TASK TO COMPLETE: Word for word, copy all the data and drop the pictures.

ENTRIES SUPPLIED START

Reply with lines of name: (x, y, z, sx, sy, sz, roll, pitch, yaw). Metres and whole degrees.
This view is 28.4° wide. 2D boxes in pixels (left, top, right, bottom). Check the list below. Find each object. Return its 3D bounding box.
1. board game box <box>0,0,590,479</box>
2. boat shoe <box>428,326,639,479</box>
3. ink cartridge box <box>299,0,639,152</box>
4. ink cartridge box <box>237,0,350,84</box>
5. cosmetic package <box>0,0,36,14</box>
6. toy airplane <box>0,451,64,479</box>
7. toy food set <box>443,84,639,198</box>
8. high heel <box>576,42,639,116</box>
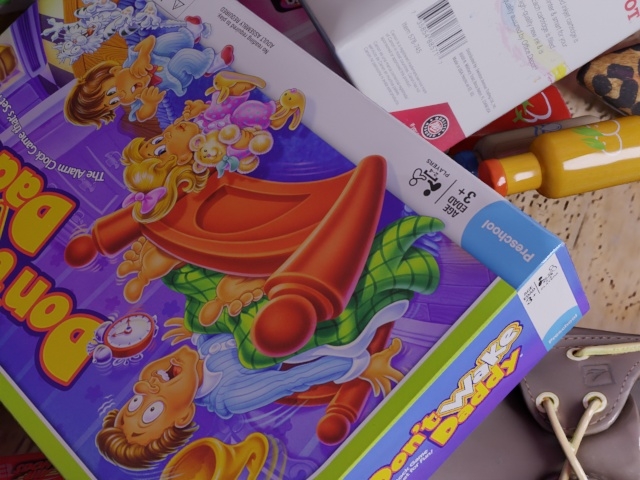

ENTRIES SUPPLIED END

RESPONSE TO THIS TASK:
Reply with lines of name: (x, y, z, sx, sy, sz, roll, pitch, yaw). Metres and whole degrees.
This view is 28.4° wide. 2D boxes in pixels (left, top, right, bottom). Check the list below. Find each object. Return its 3D bounding box.
1. board game box <box>0,0,590,479</box>
2. boat shoe <box>428,326,639,479</box>
3. ink cartridge box <box>299,0,639,152</box>
4. ink cartridge box <box>237,0,350,84</box>
5. cosmetic package <box>0,0,36,14</box>
6. toy airplane <box>0,451,64,479</box>
7. toy food set <box>443,84,639,198</box>
8. high heel <box>576,42,639,116</box>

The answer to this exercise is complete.